• **Material supplied**:

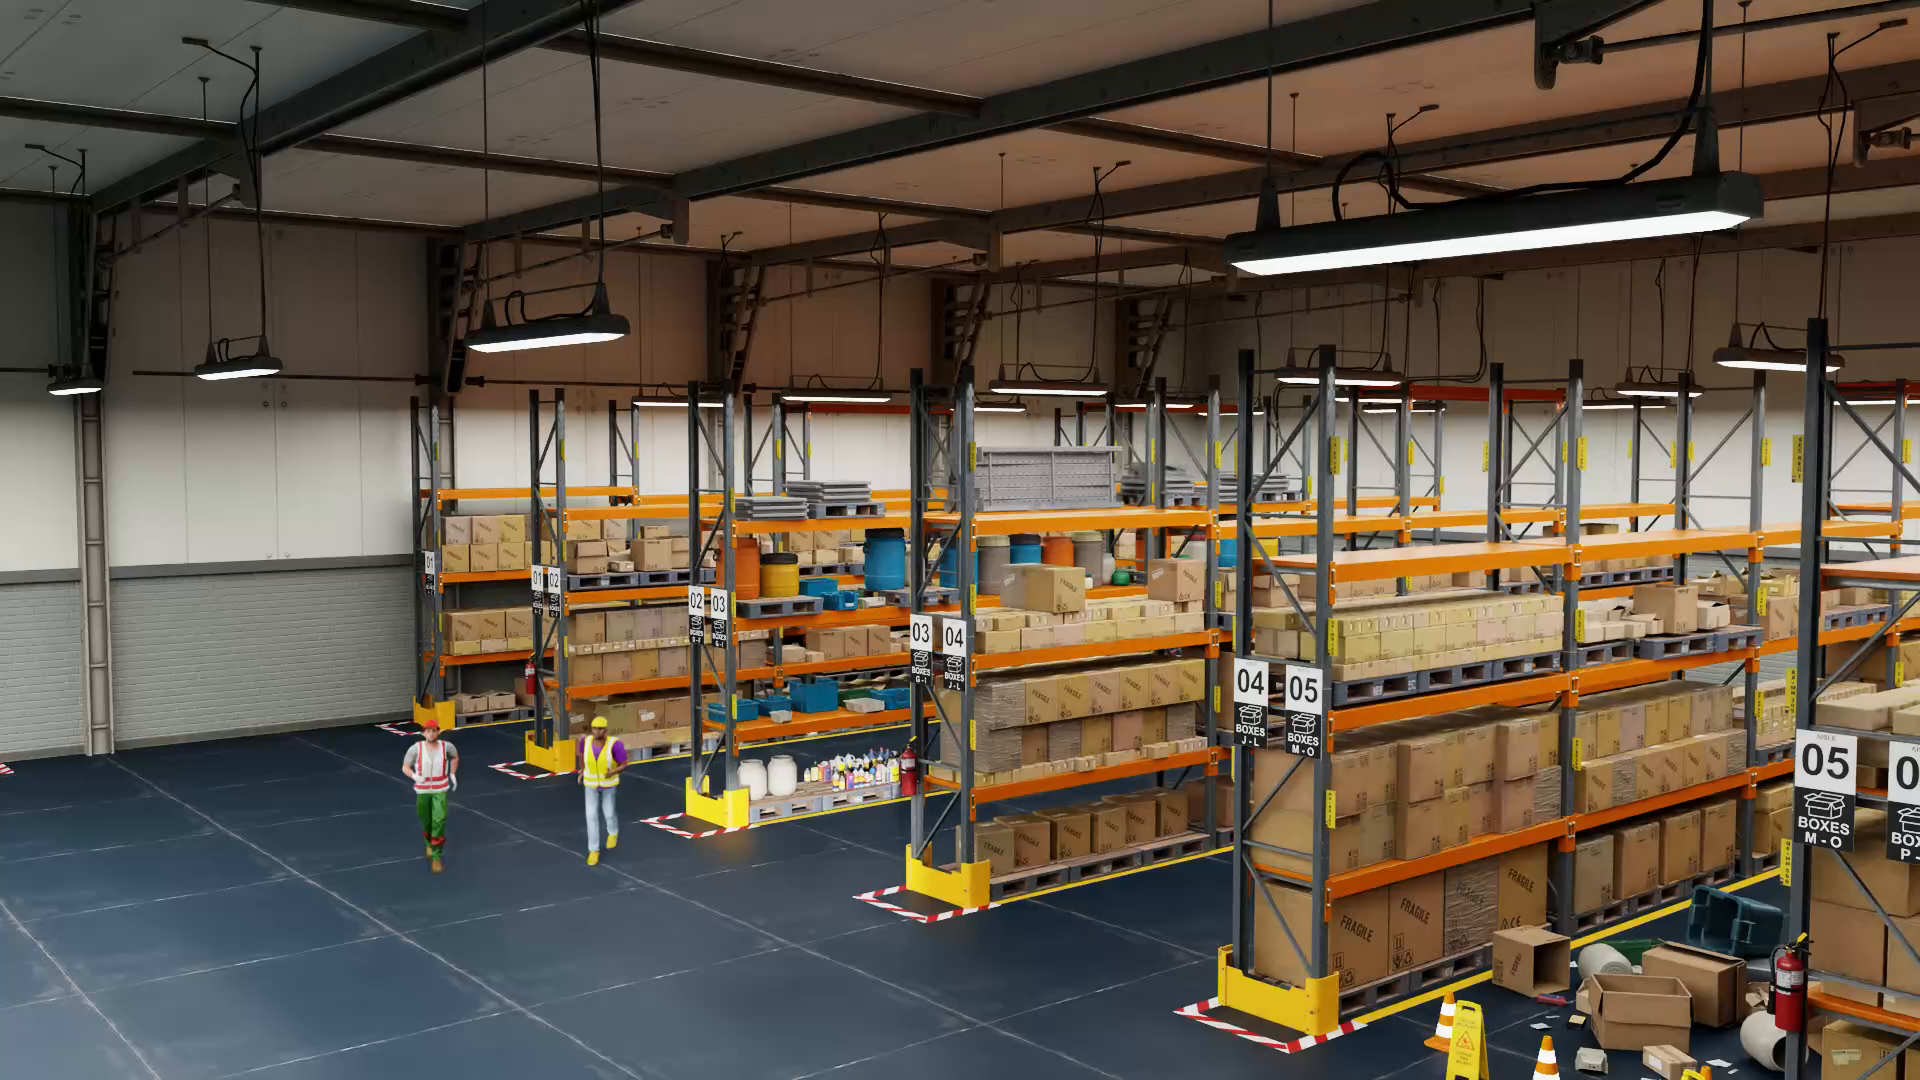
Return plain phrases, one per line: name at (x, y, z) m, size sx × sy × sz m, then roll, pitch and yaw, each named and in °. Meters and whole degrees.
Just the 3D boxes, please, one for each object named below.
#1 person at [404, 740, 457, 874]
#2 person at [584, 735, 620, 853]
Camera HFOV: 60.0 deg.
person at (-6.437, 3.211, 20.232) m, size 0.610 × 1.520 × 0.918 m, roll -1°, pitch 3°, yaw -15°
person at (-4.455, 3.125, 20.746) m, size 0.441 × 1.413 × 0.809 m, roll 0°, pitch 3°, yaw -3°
---
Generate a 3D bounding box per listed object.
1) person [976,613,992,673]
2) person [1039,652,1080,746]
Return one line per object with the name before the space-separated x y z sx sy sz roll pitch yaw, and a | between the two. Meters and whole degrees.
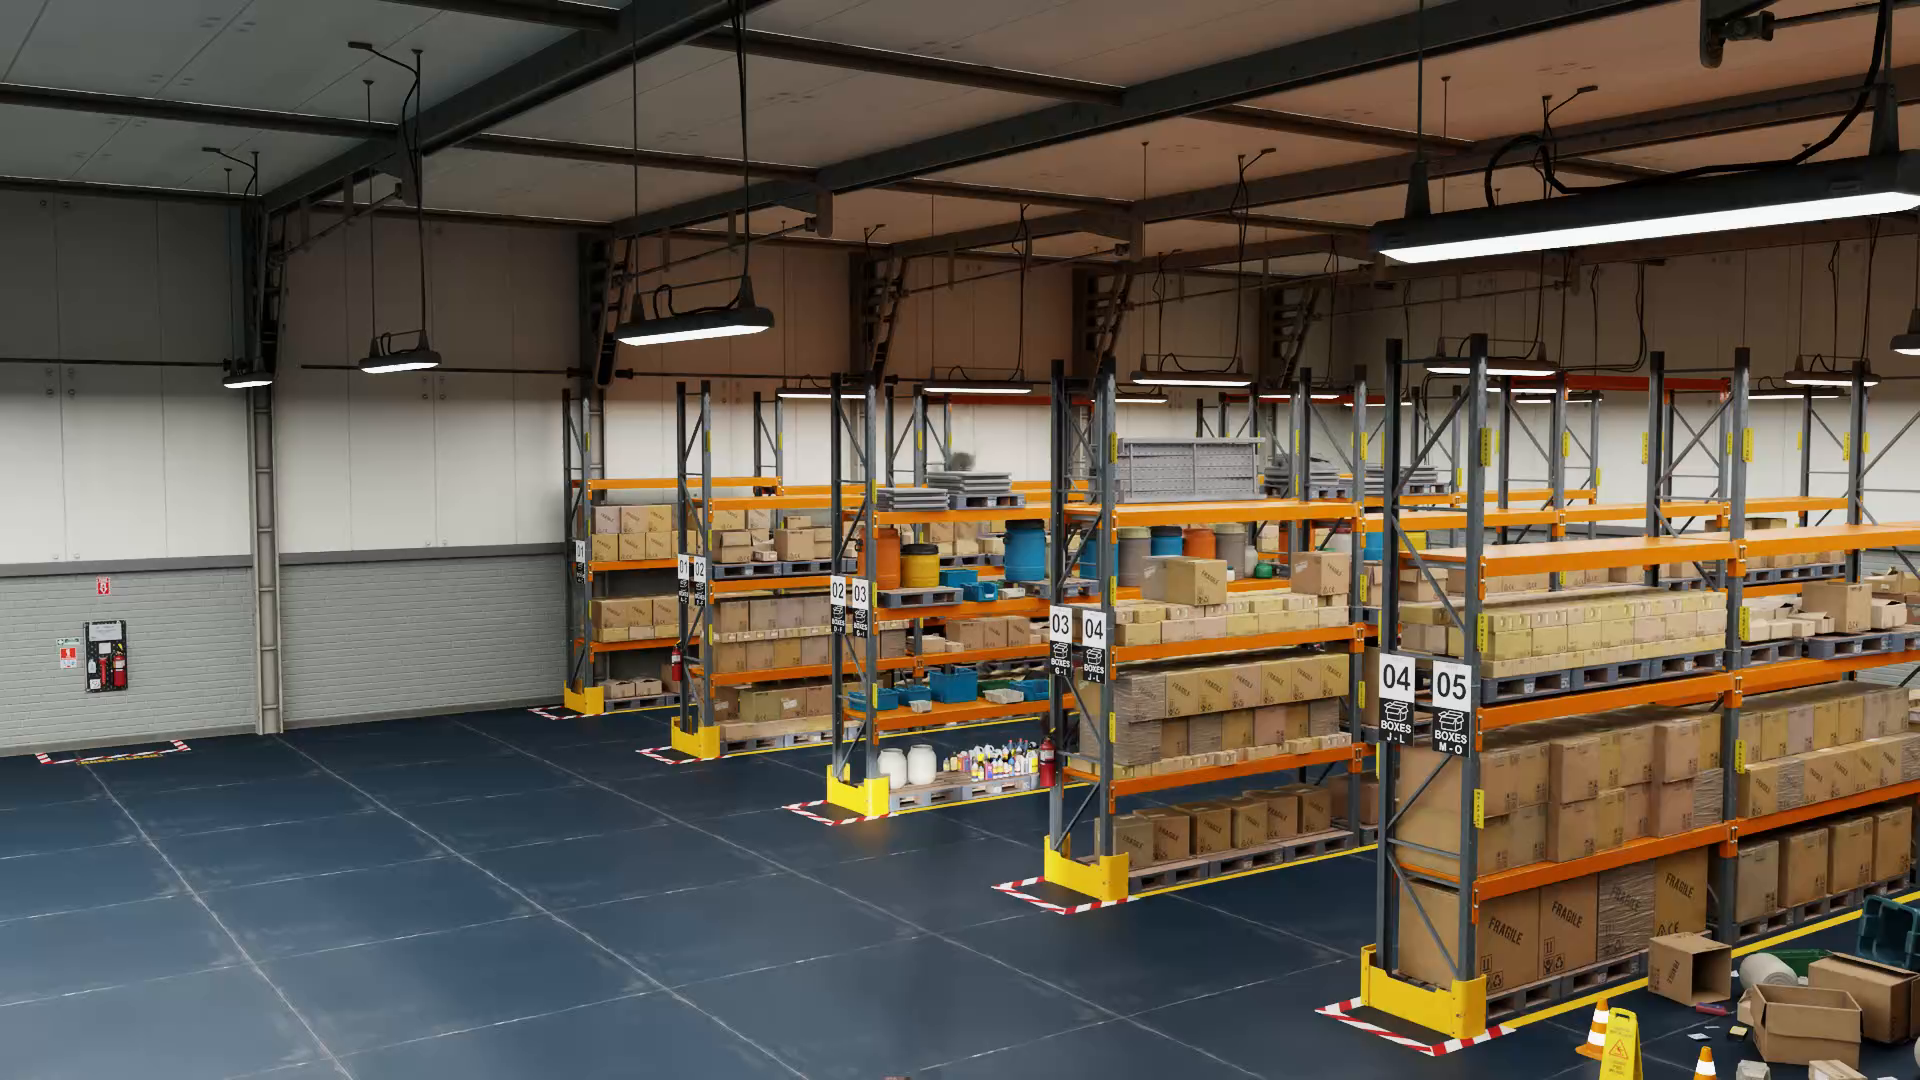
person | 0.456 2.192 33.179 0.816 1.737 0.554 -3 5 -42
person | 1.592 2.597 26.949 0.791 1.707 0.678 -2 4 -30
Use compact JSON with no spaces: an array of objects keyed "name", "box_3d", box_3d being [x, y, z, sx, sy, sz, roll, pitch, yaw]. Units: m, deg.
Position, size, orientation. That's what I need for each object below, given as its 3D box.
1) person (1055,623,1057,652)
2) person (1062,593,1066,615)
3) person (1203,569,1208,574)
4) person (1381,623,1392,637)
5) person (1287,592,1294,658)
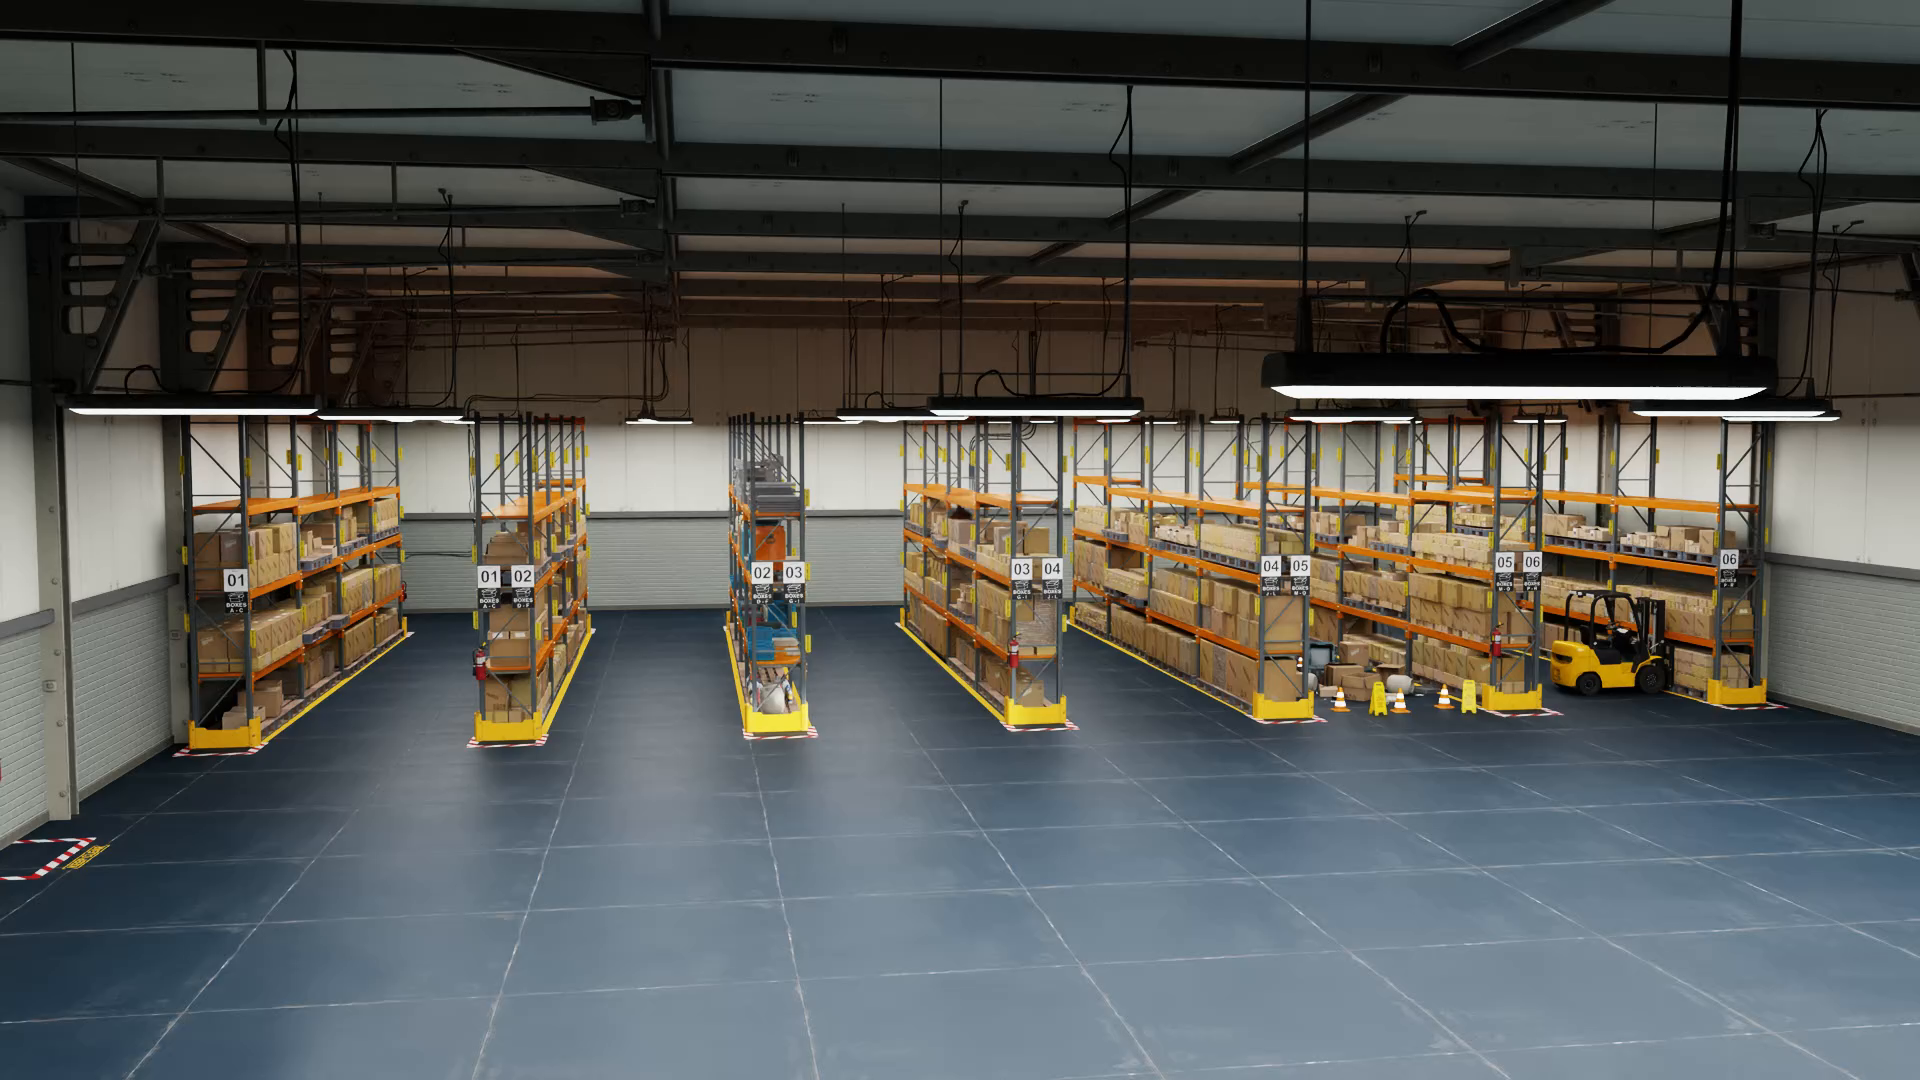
* * *
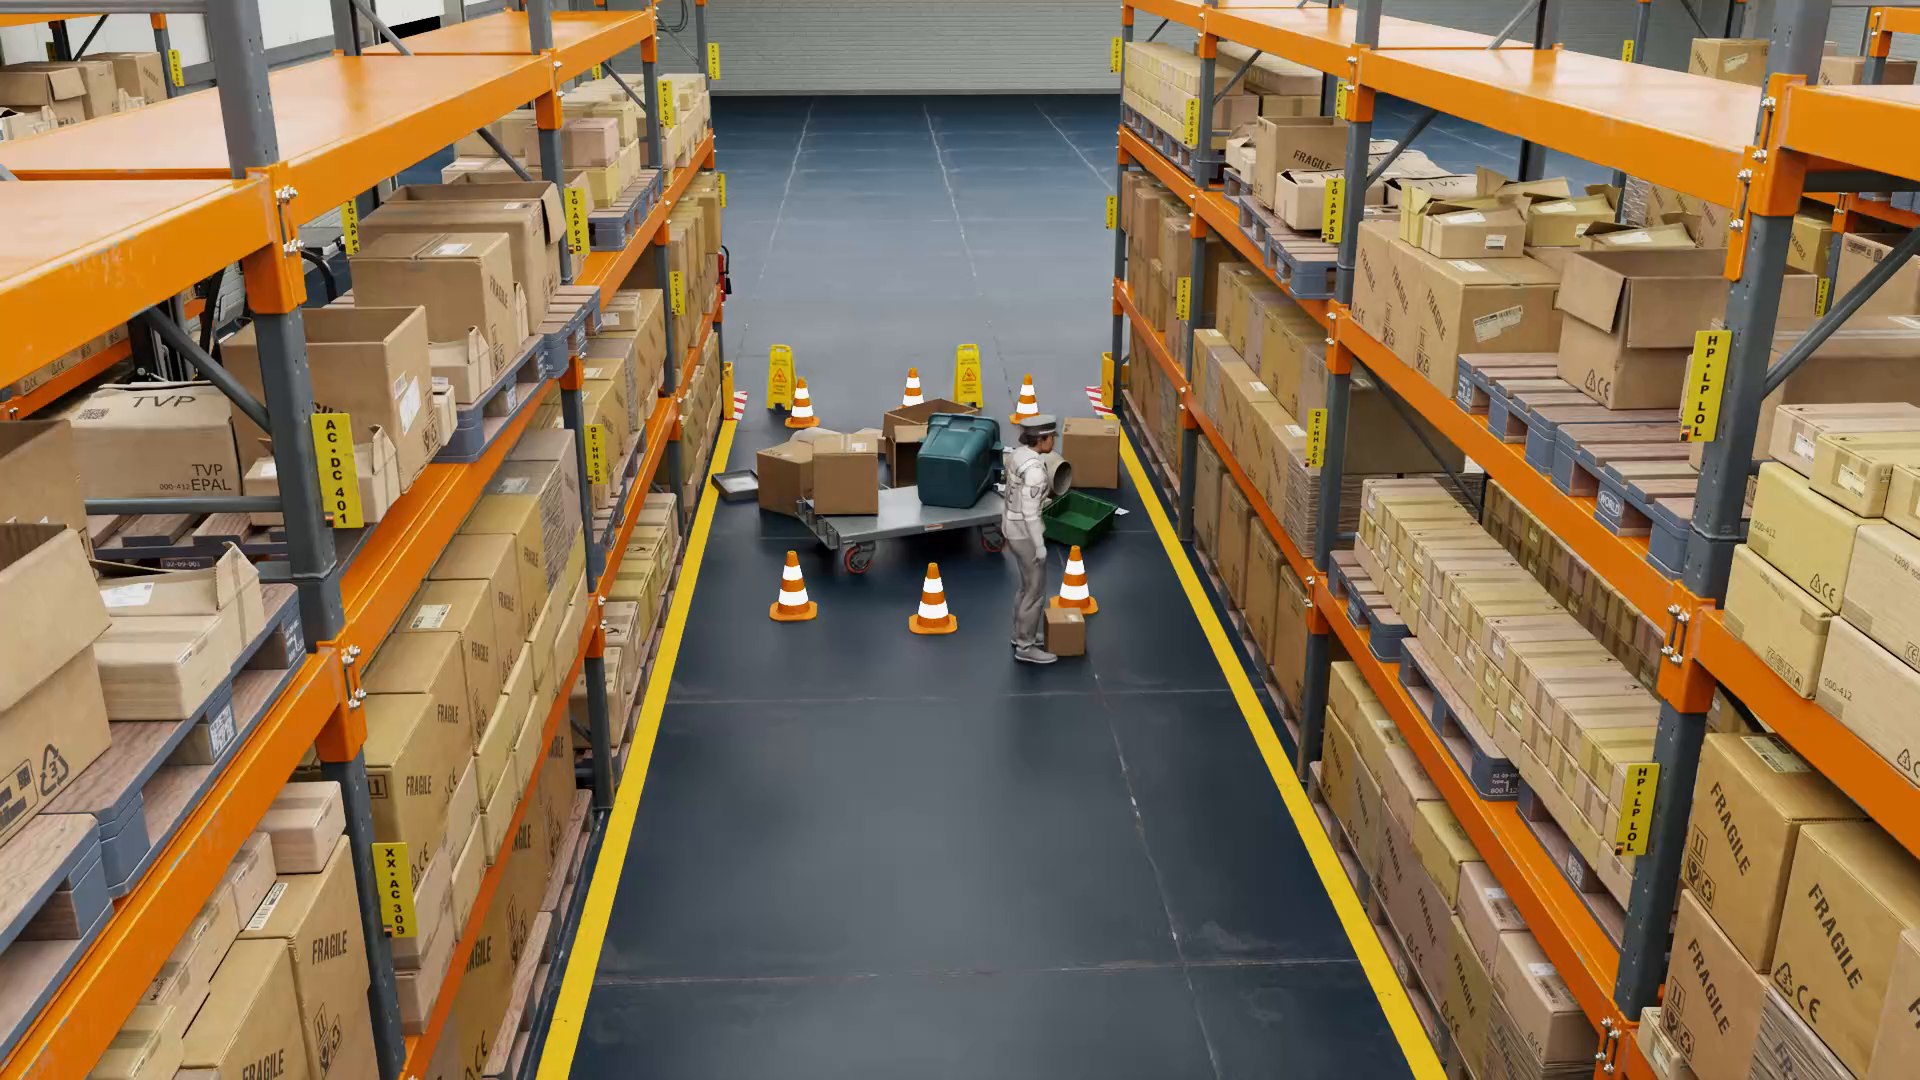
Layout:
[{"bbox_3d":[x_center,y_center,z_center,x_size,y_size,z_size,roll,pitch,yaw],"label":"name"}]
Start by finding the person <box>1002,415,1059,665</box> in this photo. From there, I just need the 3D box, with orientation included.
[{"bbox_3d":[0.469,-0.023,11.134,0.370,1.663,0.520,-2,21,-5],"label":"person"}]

• **Task objective**: When a line in the records above contains the word "each", copy it.

• **Your solution**:
Return plain phrases, one per line: name at (x, y, z) m, size sx × sy × sz m, then roll, pitch and yaw, each named and in °. Meters and whole degrees.
Just the 3D boxes, please, one for each object named below.
Position, size, orientation. That's what I need for each object below, given as its 3D box.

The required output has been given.